When am I not required to file a tax return?
There are situations when individuals are not required to file taxes and there is no reason to do so. There are also situations when one is not required to file a tax return, but should because the IRS will give you a refund. Remember that you will lose it if you do not claim the refund for three years and there is no notice from the IRS about this.
Here are cases when you are not required to file:
- Are you single and only earned $12K or less as an employee? If yes, look at box two of your W-2 form to see how much you can get refunded. If the amount is not worth your time, then do not file. Yet, if you have a child/children to claim and made $18K or less as an employee, you are encourage to file because you will get additional free money in the form of earned income tax credits. Also, there are child tax credits.
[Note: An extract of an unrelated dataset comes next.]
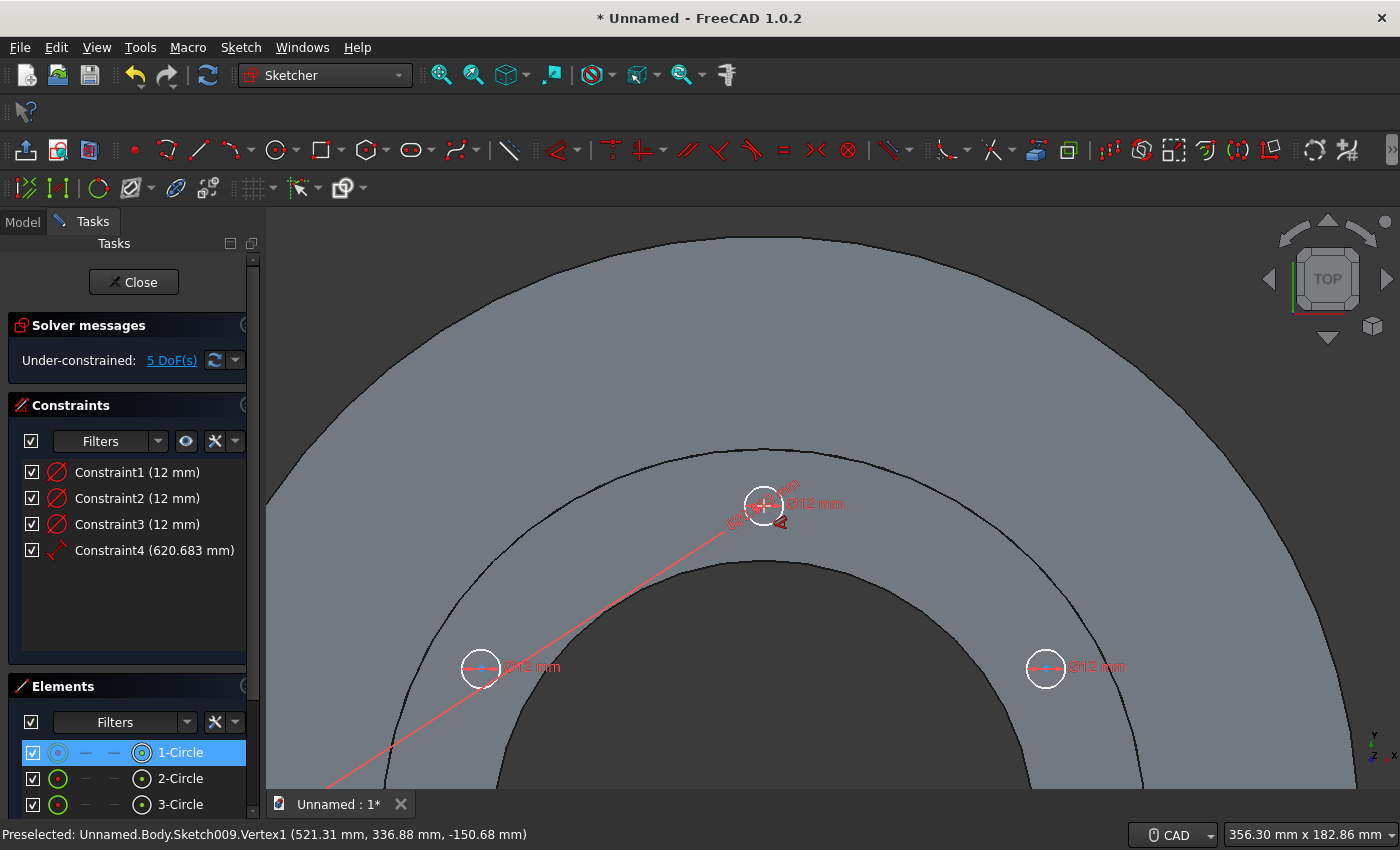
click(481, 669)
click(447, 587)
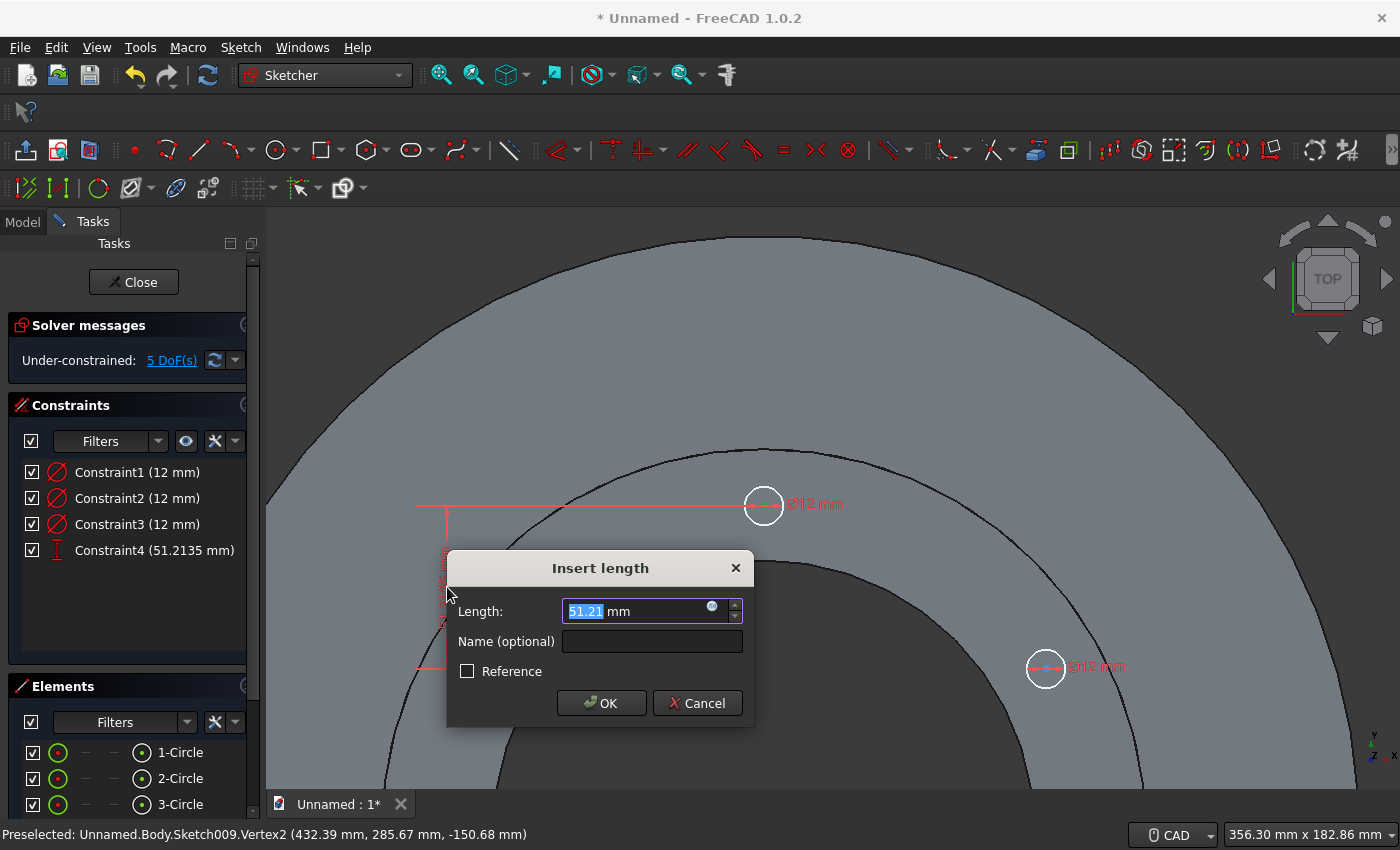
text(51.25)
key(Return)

- Are you and your spouse both made $24,400 or less as employees? If the total refund amount in box two of your W-2s is not worth your time, then do not file a tax return. However, if you will also have a child/children to claim, you will get earned income tax credits and fundable child tax credits. You are strongly encouraged to file your taxes.
- If you receive only Social Security benefits, you do not have to file anything.
When am I required to file a tax return?
There are cases, of course, when you are required to file a tax return. Let’s review the common ones:
- Are you self-employed and have over $400 in profits? File if the answer is yes.
- Were you claimed as a dependent and have an income as an employee or interest and/or dividend income? If yes, then you might need to file your own separate tax return.
- Are you paid Social Security benefits and have additional taxable income? If yes, you might need to pay some taxes on your benefits as well.
- Do you have a mix of Social Security, pension, IRA, and/or taxable investment income? If it exceeds the standard deduction amounts, you will need file.
Not filing a tax return and tax filing mistakes
According to the IRS, it will not pursue criminal prosecution of individuals who fail to file their taxes if the tax payer voluntarily files or makes arrangements to file before they are informed of any kind of criminal prosecution. The more common consequences of not filing of taxes are as follows:
- Penalties and interest will be calculated on the amount of taxes that are due.
- You will get penalties and interest for both filing late and making a late payment. They will be calculated on the unpaid portion even if you start making payments.
- The IRS may actually prepare a substitute return for you based on the copies of the W-2s and 1099s that they received from the payers. Once they have calculated that amount, they might start the collection process which may include garnishing your wages, bank account and sometimes putting a lien on any property that you own. Remember that the IRS will likely not have all the information on deductions you can claim, so your tax liability can end up being bigger.
We would also like to bring to your attention that you should never under report your income. That is a quick way to run afoul of the IRS. Also, make sure you have documentation to support your deductions, like charitable donations, childcare or medical expenses. If you cannot support a deduction, do not claim it.
Keep in mind that it can be the simplest mistakes that give people the biggest headaches, like putting information in a wrong line, entering incorrect dollar amounts, or making a simple computational error. A tax program can increase the overall accuracy of your return and help identify deductions that you may not know about. However, do not rely solely on the software because it will not catch basic input errors, like entering a wrong tax ID, Social Security, or address.
Also, it is a good idea to compare this year’s return to last year’s and be on the lookout for any unexplained differences. Finally, never ignore letters from the IRS. A quick response can not only prevent undesired consequences, but also speed up the processing of your return.
Tax filing methods
You can of course fill out the tax returns, but this is probably one of the worst ways to do it, especially for your first time. Another way to do it is just have a professional do it for you. This can be a good option if you have a particularly complicated tax situation.
A third option would be to use a tax software, which asks you multiple questions about your income and possible deductions, based on which they fill out your tax form. Then, you can print the filled tax form or have them file it on your behalf. This option is pretty easy and very popular, but it also often comes with a fee.
We would like to bring it to your attention that you might be able take advantage of such software to prepare and file taxes completely free of charge. The best thing is that it will also do the math for you, help avoid errors and find all the credits and deductions you can take advantage of. Check out the IRS website for more info and/or see if other software have such an option.
Before you use any of these methods, make sure that you have all your tax-related documents ready. Your employer/s should be sending you a form W-2. You may also get forms from your bank, if they paid you more than 10K in interest, or forms from any other source of income you earned. Most of these forms should be sent out by the end of January, so if you have not received yours yet, contact the company, banks, etc.